Cuentan de un jefe de Estado que se quejaba de la falta de privacidad y decía que solo la tenía en el baño. Va a ser que no. Ni para ese jefe de Estado ni para nadie:  no hay un resquicio de nuestra vida, una manía, un capricho, una pasión, un error, que  podamos mantener oculto.

Días atrás se ha producido un ataque cibernético a escala mundial. Ha habido temblor en  gobernantes y  grandes empresas, los expertos nos han explicado con terminología técnica lo ocurrido –solo lo entienden ellos- y se han lanzado mensajes tranquilizadores.  Lo malo no es que hackers y servicios de inteligencia que contratan hackers sean capaces incluso de poner y quitar presidentes, arruinar biografías o promover golpes de Estado,  sino que lo grave de verdad es que, sin que sea noticia, la privacidad de los miles de millones de personas que pueblan este planeta, han dejado de tener vida propia.

No hay paso por calle o plaza que no esté grabado. La seguridad, nos dicen. Aconsejan colocar un esparadrapo en el agujero de la webcam porque te pueden grabar aunque el ordenador esté apagado.  Cada vez que alguien abre el ordenador le entran docenas de anuncios de compañías aéreas, ferrocarriles, hoteles, ropa, zapatos, libros, marcas de ordenadores, utensilios de cocina, muebles o material de oficina si ha tenido la osadía de  buscar algo a través de internet, y no digamos comprar.

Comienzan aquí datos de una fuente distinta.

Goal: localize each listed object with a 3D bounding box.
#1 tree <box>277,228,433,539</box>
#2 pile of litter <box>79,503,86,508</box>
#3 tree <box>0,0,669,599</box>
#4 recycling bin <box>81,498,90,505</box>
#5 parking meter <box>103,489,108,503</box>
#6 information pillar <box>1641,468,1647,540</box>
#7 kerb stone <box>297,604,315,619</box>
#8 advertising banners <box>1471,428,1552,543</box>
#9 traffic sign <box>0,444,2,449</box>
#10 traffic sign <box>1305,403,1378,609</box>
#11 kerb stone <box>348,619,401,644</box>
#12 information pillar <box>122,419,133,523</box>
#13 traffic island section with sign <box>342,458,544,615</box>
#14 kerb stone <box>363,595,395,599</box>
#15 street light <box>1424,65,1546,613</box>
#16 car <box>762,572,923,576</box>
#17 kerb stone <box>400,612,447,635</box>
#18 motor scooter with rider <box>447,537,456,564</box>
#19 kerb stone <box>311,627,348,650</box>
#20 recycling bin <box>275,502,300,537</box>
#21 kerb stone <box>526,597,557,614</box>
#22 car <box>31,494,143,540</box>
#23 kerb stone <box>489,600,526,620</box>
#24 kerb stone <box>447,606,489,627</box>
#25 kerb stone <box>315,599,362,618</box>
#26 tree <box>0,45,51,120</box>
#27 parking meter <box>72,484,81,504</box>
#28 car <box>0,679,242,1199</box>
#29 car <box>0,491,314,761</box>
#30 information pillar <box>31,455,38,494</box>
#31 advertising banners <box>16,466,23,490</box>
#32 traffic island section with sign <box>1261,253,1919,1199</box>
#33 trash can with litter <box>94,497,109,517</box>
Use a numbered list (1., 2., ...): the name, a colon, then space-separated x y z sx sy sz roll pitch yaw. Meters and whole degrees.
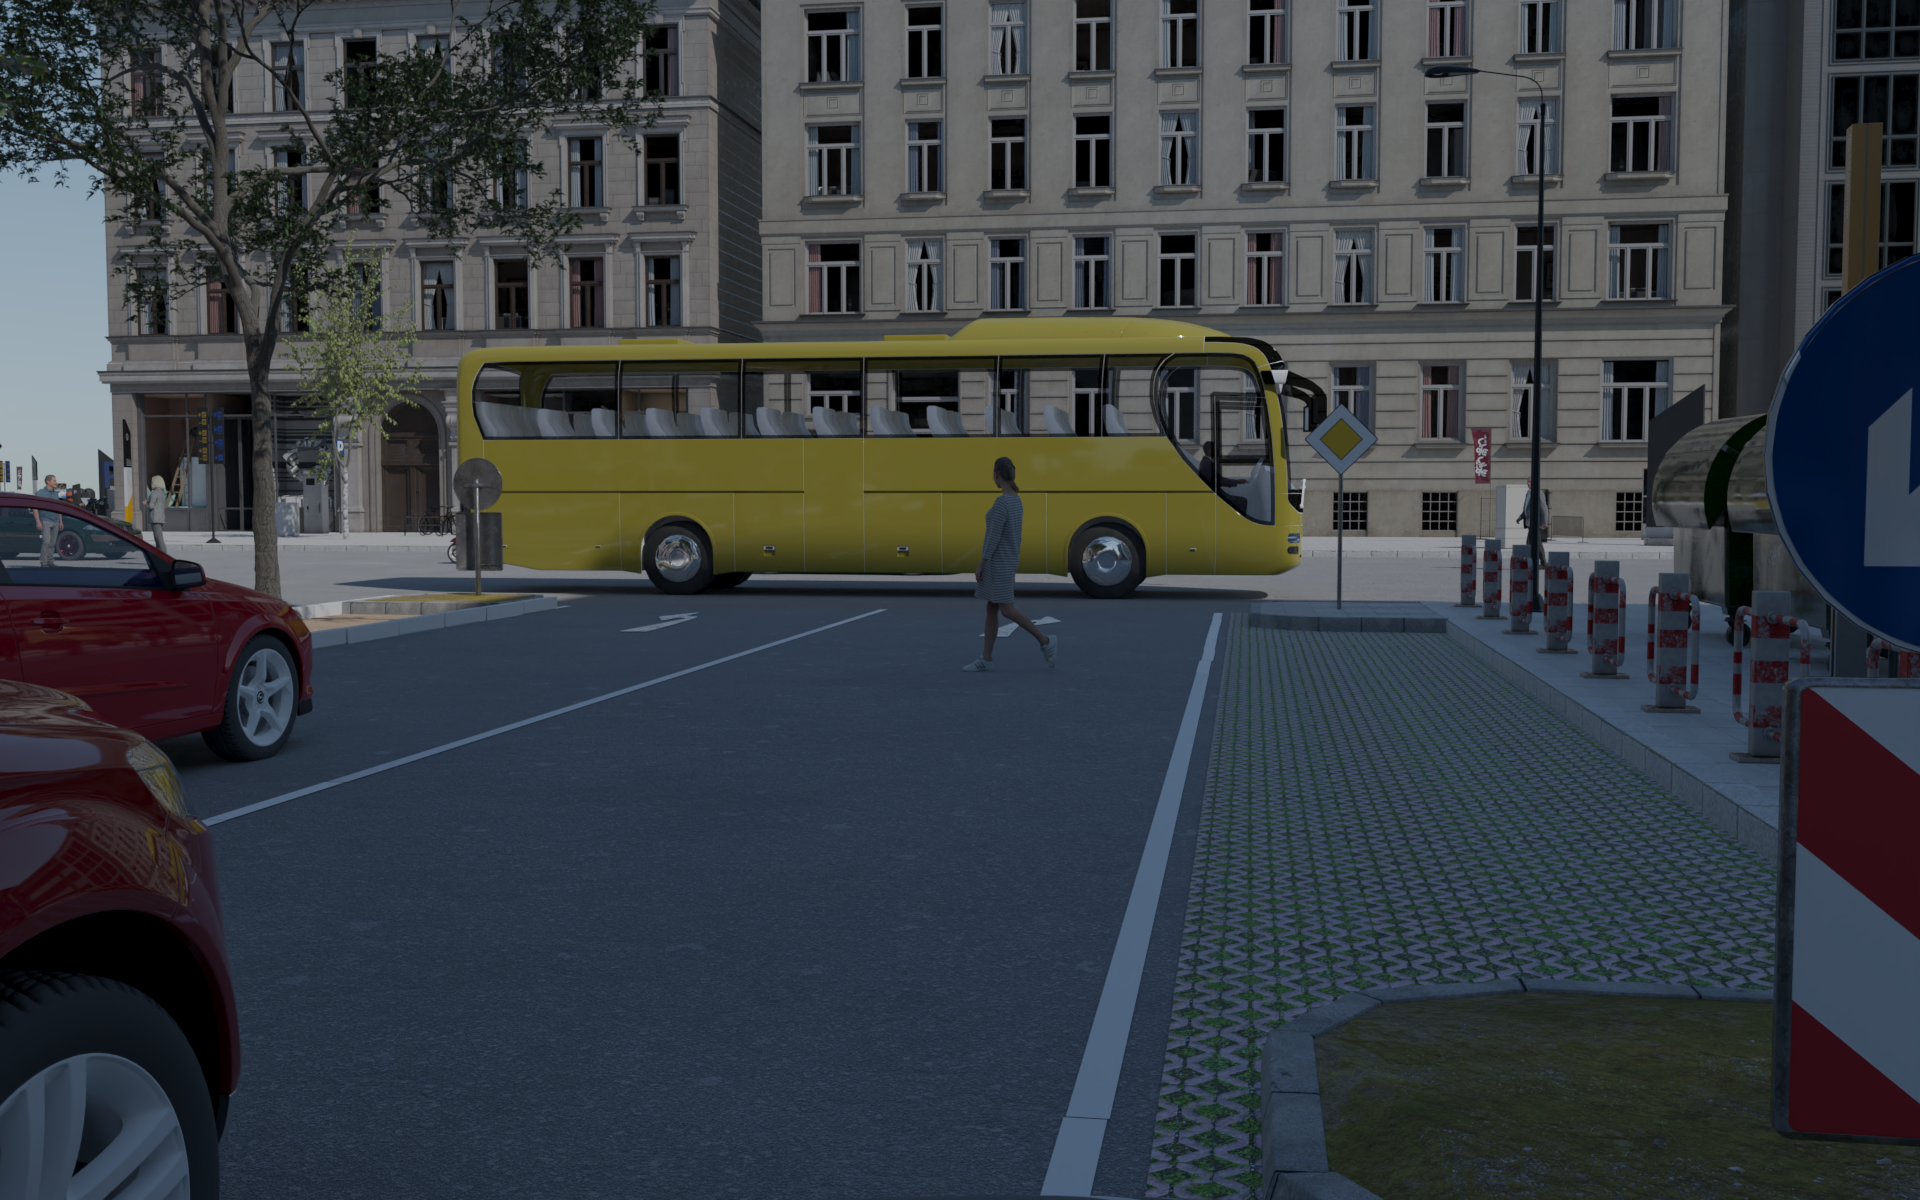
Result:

Y ocurre algo aún más inquietante: las filtraciones sobre los documentos que se manejan en los casos de corrupción que desgraciadamente nos invaden, demuestran que ya no solo es un peligro hablar por teléfono, sino incluso hablar en casa, en la oficina o donde a uno le dé la real gana, porque las escuchas son cada vez más sofisticadas y con aparatología que ve y graba cualquier escena o conversación que  se produzca en el mundo mundial. ¿Qué para eso hace falta orden judicial? Anda ya…  Hace falta para policía, guardia civil o cni, pero cualquier desaprensivo puede contratar a otro desaprensivo dispuesto a ganarse unos eurillos poniendo a disposición del pagador sus conocimientos y artilugios tecnológicos.

Aquello de “no somos nadie” es ya real como la vida misma. Somos los que otros permiten  que seamos.